## Exercise goal
Extract every entry word for word. Skip the pictures.

>>>>

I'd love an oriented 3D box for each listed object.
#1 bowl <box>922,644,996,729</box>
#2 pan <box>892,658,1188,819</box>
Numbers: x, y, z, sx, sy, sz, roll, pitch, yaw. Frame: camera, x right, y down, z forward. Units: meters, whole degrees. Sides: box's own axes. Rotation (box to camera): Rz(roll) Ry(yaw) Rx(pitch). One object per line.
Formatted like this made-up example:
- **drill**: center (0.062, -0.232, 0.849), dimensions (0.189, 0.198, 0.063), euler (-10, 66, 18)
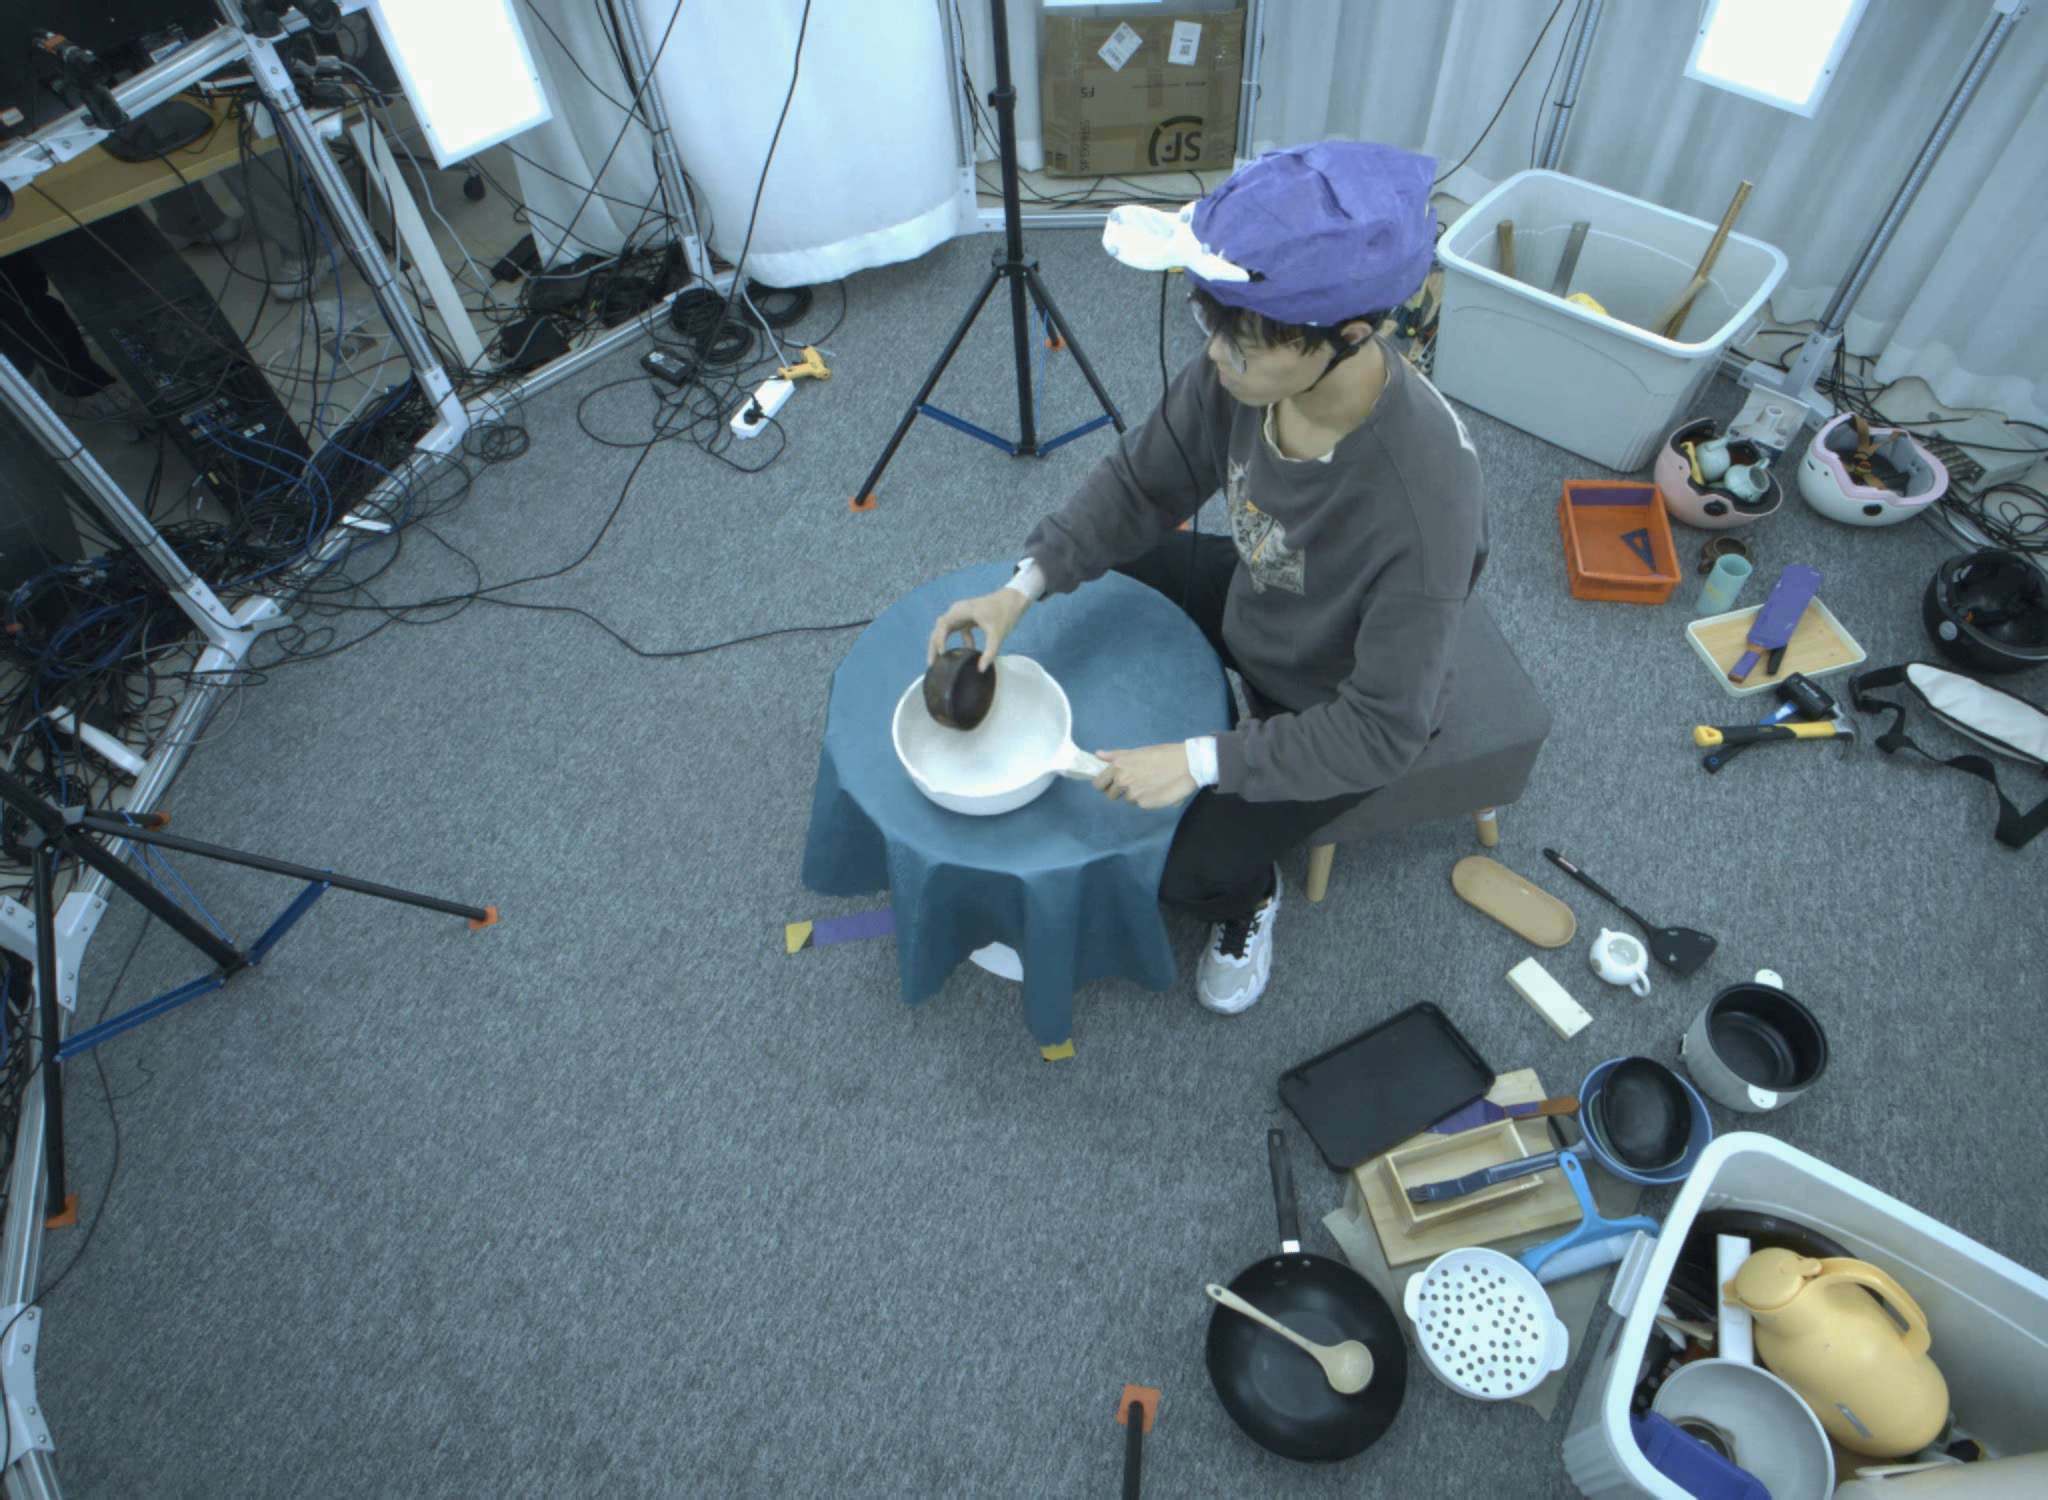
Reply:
- **bowl**: center (-0.099, -0.092, 1.721), dimensions (0.068, 0.120, 0.118), euler (14, 56, 27)
- **pan**: center (0.023, 0.017, 1.711), dimensions (0.429, 0.103, 0.264), euler (22, 56, 17)

<<<<

## Exercise response
I'd love an oriented 3D box for each listed object.
#1 bowl <box>922,644,996,729</box>
#2 pan <box>892,658,1188,819</box>
Numbers: x, y, z, sx, sy, sz, roll, pitch, yaw. Frame: camera, x right, y down, z forward. Units: meters, whole degrees. Sides: box's own axes. Rotation (box to camera): Rz(roll) Ry(yaw) Rx(pitch). One object per line.
Formatted like this made-up example:
- **drill**: center (0.062, -0.232, 0.849), dimensions (0.189, 0.198, 0.063), euler (-10, 66, 18)
Reply:
- **bowl**: center (-0.099, -0.092, 1.721), dimensions (0.068, 0.120, 0.118), euler (14, 56, 27)
- **pan**: center (0.023, 0.017, 1.711), dimensions (0.429, 0.103, 0.264), euler (22, 56, 17)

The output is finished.